For the moment, let’s set aside the fact that Mr. Sepulveda doesn’t appear to understand the Martin Luther King, Jr. quote he appended to his message. Threatening legal action “on that note” of love and compassion strains “the little grey cells,” as Poirot would say. But his post raises several questions: What happened? And does he have any legal action against his alleged harassers?

Here’s what we know. Before the “Finding Prince Charming” premiere, various online outlets reported that Mr. Sepulveda had been an escort.

Some websites called him a former “sex worker”. A gay-oriented celebrity gossip website then unearthed and published graphic photos of Mr. Sepulveda from his days as an escort. This apparently resulted in a flurry of online shaming and ridicule: some trolls shamed him for being an escort, some attacked him for how terrible his show is, and others just appeared to be jealous about his statuesque physique (if that’s your thing).

I couldn’t find any evidence of his life being threatened, of him being attacked for his sexuality, of any cyberstalkers, or of any extortion threats. Nor could I find evidence of doxing (the publication of personal information online) or the misuse of his information for threatening or intimidating purposes. He was shamed for being an escort, something he has put behind him anyway, if it ever was something we should be shaming.

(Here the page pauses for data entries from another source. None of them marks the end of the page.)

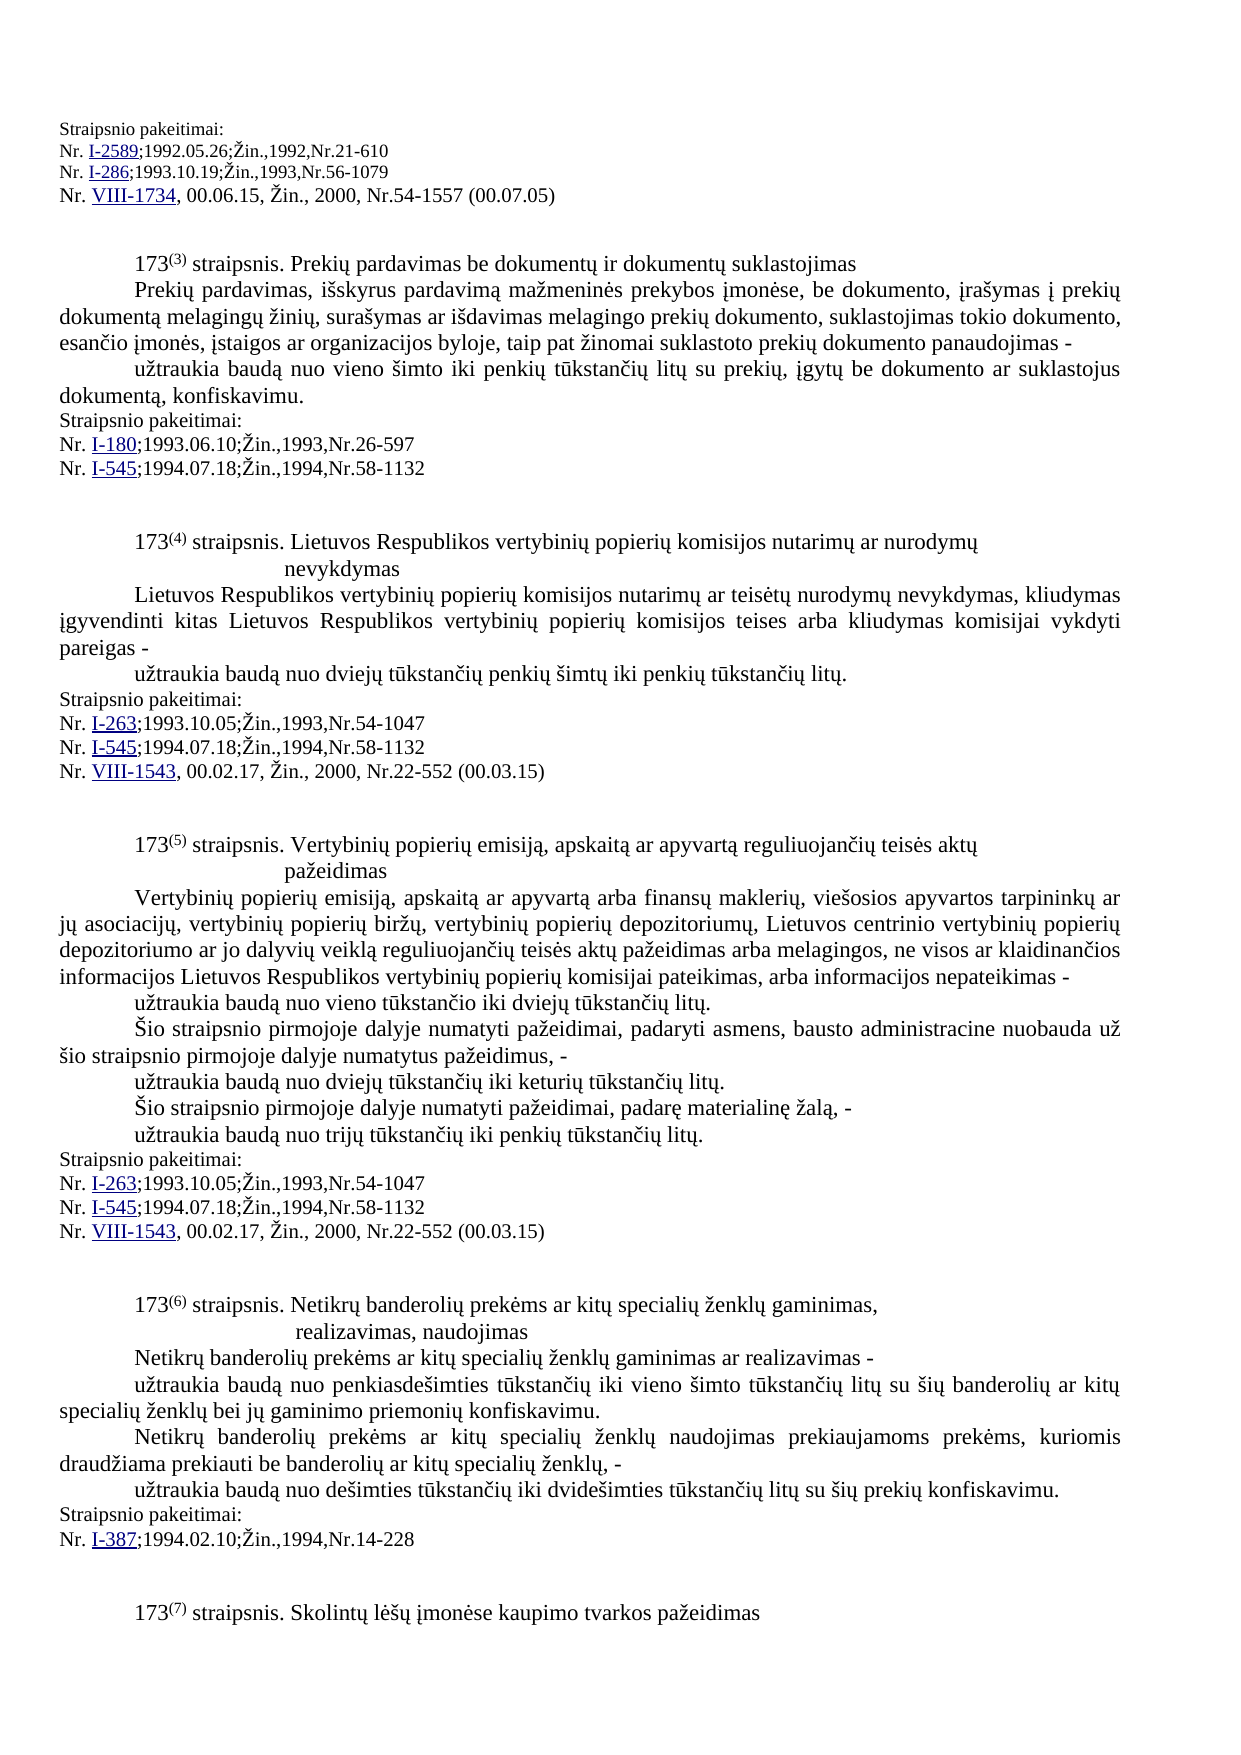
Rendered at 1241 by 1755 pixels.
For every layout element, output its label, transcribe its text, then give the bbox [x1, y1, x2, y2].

text užtraukia baudą nuo vieno tūkstančio iki dviejų tūkstančių litų. [59, 989, 1122, 1015]
text pažeidimas [284, 857, 1122, 884]
text Vertybinių popierių emisiją, apskaitą ar apyvartą arba finansų maklerių, viešosios apyvartos tarpininkų ar jų asociacijų, vertybinių popierių biržų, vertybinių popierių depozitoriumų, Lietuvos centrinio vertybinių popierių depozitoriumo ar jo dalyvių veiklą reguliuojančių teisės aktų pažeidimas arba melagingos, ne visos ar klaidinančios informacijos Lietuvos Respublikos vertybinių popierių komisijai pateikimas, arba informacijos nepateikimas - [59, 884, 1122, 989]
text 173(3) straipsnis. Prekių pardavimas be dokumentų ir dokumentų suklastojimas [59, 250, 1122, 276]
text Netikrų banderolių prekėms ar kitų specialių ženklų gaminimas ar realizavimas - [59, 1344, 1122, 1371]
text Nr. I-387;1994.02.10;Žin.,1994,Nr.14-228 [59, 1526, 1122, 1551]
text realizavimas, naudojimas [59, 1318, 1122, 1344]
text nevykdymas [284, 555, 1122, 581]
text Nr. I-263;1993.10.05;Žin.,1993,Nr.54-1047 [59, 1171, 1122, 1195]
text Nr. I-545;1994.07.18;Žin.,1994,Nr.58-1132 [59, 1195, 1122, 1219]
text Straipsnio pakeitimai: [59, 408, 1122, 432]
text užtraukia baudą nuo dešimties tūkstančių iki dvidešimties tūkstančių litų su šių prekių konfiskavimu. [59, 1476, 1122, 1502]
text Prekių pardavimas, išskyrus pardavimą mažmeninės prekybos įmonėse, be dokumento, įrašymas į prekių dokumentą melagingų žinių, surašymas ar išdavimas melagingo prekių dokumento, suklastojimas tokio dokumento, esančio įmonės, įstaigos ar organizacijos byloje, taip pat žinomai suklastoto prekių dokumento panaudojimas - [59, 276, 1122, 355]
text Nr. I-545;1994.07.18;Žin.,1994,Nr.58-1132 [59, 735, 1122, 759]
text Lietuvos Respublikos vertybinių popierių komisijos nutarimų ar teisėtų nurodymų nevykdymas, kliudymas įgyvendinti kitas Lietuvos Respublikos vertybinių popierių komisijos teises arba kliudymas komisijai vykdyti pareigas - [59, 581, 1122, 660]
text Straipsnio pakeitimai: [59, 118, 1122, 140]
text Nr. I-545;1994.07.18;Žin.,1994,Nr.58-1132 [59, 456, 1122, 480]
text Nr. VIII-1543, 00.02.17, Žin., 2000, Nr.22-552 (00.03.15) [59, 1219, 1122, 1243]
text Šio straipsnio pirmojoje dalyje numatyti pažeidimai, padaryti asmens, bausto administracine nuobauda už šio straipsnio pirmojoje dalyje numatytus pažeidimus, - [59, 1015, 1122, 1068]
text 173(4) straipsnis. Lietuvos Respublikos vertybinių popierių komisijos nutarimų ar nurodymų [134, 528, 1122, 555]
text 173(7) straipsnis. Skolintų lėšų įmonėse kaupimo tvarkos pažeidimas [59, 1599, 1122, 1625]
text Nr. I-263;1993.10.05;Žin.,1993,Nr.54-1047 [59, 711, 1122, 735]
text Nr. VIII-1734, 00.06.15, Žin., 2000, Nr.54-1557 (00.07.05) [59, 183, 1122, 207]
text užtraukia baudą nuo dviejų tūkstančių iki keturių tūkstančių litų. [59, 1068, 1122, 1094]
text Nr. I-286;1993.10.19;Žin.,1993,Nr.56-1079 [59, 161, 1122, 183]
text užtraukia baudą nuo penkiasdešimties tūkstančių iki vieno šimto tūkstančių litų su šių banderolių ar kitų specialių ženklų bei jų gaminimo priemonių konfiskavimu. [59, 1371, 1122, 1423]
text Nr. I-2589;1992.05.26;Žin.,1992,Nr.21-610 [59, 140, 1122, 161]
text 173(5) straipsnis. Vertybinių popierių emisiją, apskaitą ar apyvartą reguliuojančių teisės aktų [134, 831, 1122, 857]
text užtraukia baudą nuo trijų tūkstančių iki penkių tūkstančių litų. [59, 1121, 1122, 1147]
text Nr. I-180;1993.06.10;Žin.,1993,Nr.26-597 [59, 432, 1122, 456]
text Netikrų banderolių prekėms ar kitų specialių ženklų naudojimas prekiaujamoms prekėms, kuriomis draudžiama prekiauti be banderolių ar kitų specialių ženklų, - [59, 1423, 1122, 1476]
text užtraukia baudą nuo dviejų tūkstančių penkių šimtų iki penkių tūkstančių litų. [59, 660, 1122, 687]
text Straipsnio pakeitimai: [59, 687, 1122, 711]
text Straipsnio pakeitimai: [59, 1502, 1122, 1526]
text užtraukia baudą nuo vieno šimto iki penkių tūkstančių litų su prekių, įgytų be dokumento ar suklastojus dokumentą, konfiskavimu. [59, 355, 1122, 408]
text Straipsnio pakeitimai: [59, 1147, 1122, 1171]
text Šio straipsnio pirmojoje dalyje numatyti pažeidimai, padarę materialinę žalą, - [59, 1094, 1122, 1121]
text Nr. VIII-1543, 00.02.17, Žin., 2000, Nr.22-552 (00.03.15) [59, 759, 1122, 783]
text 173(6) straipsnis. Netikrų banderolių prekėms ar kitų specialių ženklų gaminimas, [59, 1292, 1122, 1318]
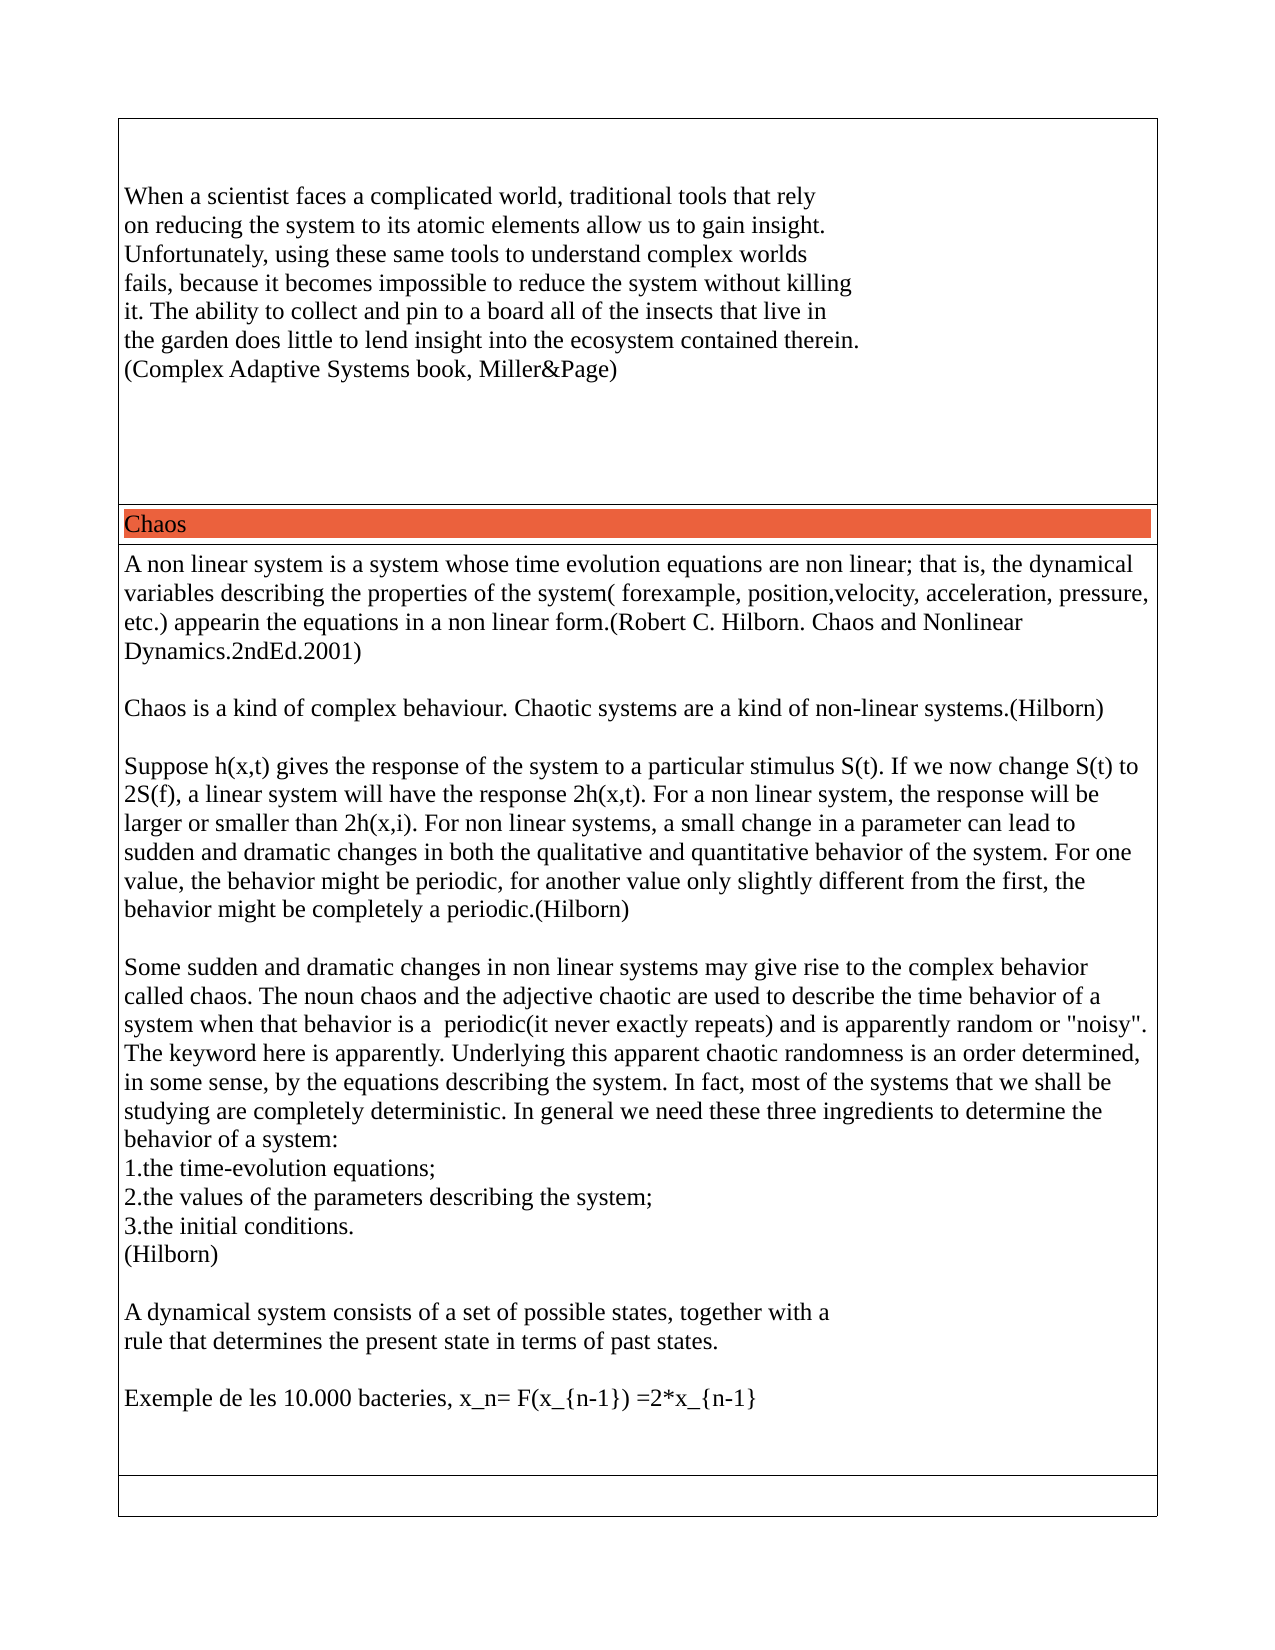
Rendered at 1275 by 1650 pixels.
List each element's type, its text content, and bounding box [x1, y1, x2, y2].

table_cell Chaos [119, 505, 1157, 544]
table_cell A non linear system is a system whose time evolution equations are non linear; that is, the dynamical variables describing the properties of the system( forexample, position,velocity, acceleration, pressure, etc.) appearin the equations in a non linear form.(Robert C. Hilborn. Chaos and Nonlinear Dynamics.2ndEd.2001) Chaos is a kind of complex behaviour. Chaotic systems are a kind of non-linear systems.(Hilborn) Suppose h(x,t) gives the response of the system to a particular stimulus S(t). If we now change S(t) to 2S(f), a linear system will have the response 2h(x,t). For a non linear system, the response will be larger or smaller than 2h(x,i). For non linear systems, a small change in a parameter can lead to sudden and dramatic changes in both the qualitative and quantitative behavior of the system. For one value, the behavior might be periodic, for another value only slightly different from the first, the behavior might be completely a periodic.(Hilborn) Some sudden and dramatic changes in non linear systems may give rise to the complex behavior called chaos. The noun chaos and the adjective chaotic are used to describe the time behavior of a system when that behavior is a periodic(it never exactly repeats) and is apparently random or "noisy". The keyword here is apparently. Underlying this apparent chaotic randomness is an order determined, in some sense, by the equations describing the system. In fact, most of the systems that we shall be studying are completely deterministic. In general we need these three ingredients to determine the behavior of a system: 1.the time-evolution equations; 2.the values of the parameters describing the system; 3.the initial conditions. (Hilborn) A dynamical system consists of a set of possible states, together with a rule that determines the present state in terms of past states. Exemple de les 10.000 bacteries, x_n= F(x_{n-1}) =2*x_{n-1} [119, 545, 1157, 1475]
table_cell When a scientist faces a complicated world, traditional tools that rely on reducing the system to its atomic elements allow us to gain insight. Unfortunately, using these same tools to understand complex worlds fails, because it becomes impossible to reduce the system without killing it. The ability to collect and pin to a board all of the insects that live in the garden does little to lend insight into the ecosystem contained therein. (Complex Adaptive Systems book, Miller&Page) [119, 119, 1157, 503]
table_cell [119, 1476, 1157, 1516]

Given that, his attorneys have limited options. The online publication of intimate or graphic photos of another without his or her consent is called “nonconsensual pornography,” more commonly, but incorrectly known as “revenge porn.” It is a crime in 35 jurisdictions and counting. The original website unpublished the photos, but anyone who may have downloaded them and publishes them again could be prosecuted in jurisdictions with criminal revenge porn laws. California is one of them.

RELATED: ‘Finding Prince Charming’ Star Robert Sepúlveda Jr. Threatens to Sue Online Bullies

But it is not clear on what basis Mr. Sepulveda’s trolls will be “hearing from” his attorneys. The tort of defamation, when it comes to celebrities, is pretty narrow. It requires that the information being peddled by his defamers be false; but Mr. Sepulveda actually was an escort. He has admitted as much.

Nor is he a victim of “cyberbullies,” as he names his attackers.

Definitions are important. There are a host of definitions of “cyberharassment” or “cyberbullying” milling around. And imprecise and inconsistent definitions frustrate our ability to understand, talk about, and solve the problem.

Danielle Citron, the leading cyberhate and harassment scholar, defines cyberharassment generally as repeated online expression that intentionally targets a particular person and causes the targeted individual substantial emotional distress and/or the fear of bodily harm.

There are five core elements to that definition: repetition, use of digital technology, intent, targeting, and substantiality of harm.

Cyberbullying is a subcategory of cyberharassment that includes all five of those elements but is focused squarely on youth-to-youth behavior. It can be understood as repeated online expression that is intended to cause substantial harm by one youth or group of youths targeting another with an observed or perceived power imbalance. This definition retains those five factors and adds two important elements: youth and power imbalance, the latter of which is actually common in many forms of cyberharassment.

The asymmetry of power, which could be physical (i.e., an athlete attacking a non-athlete), psychological (i.e., a popular student attacking someone with low self-esteem), or based on identity (i.e., a member of the majority attacking a member of a traditionally marginalized and discriminated minority), draws the line between schoolyard teasing and bullying.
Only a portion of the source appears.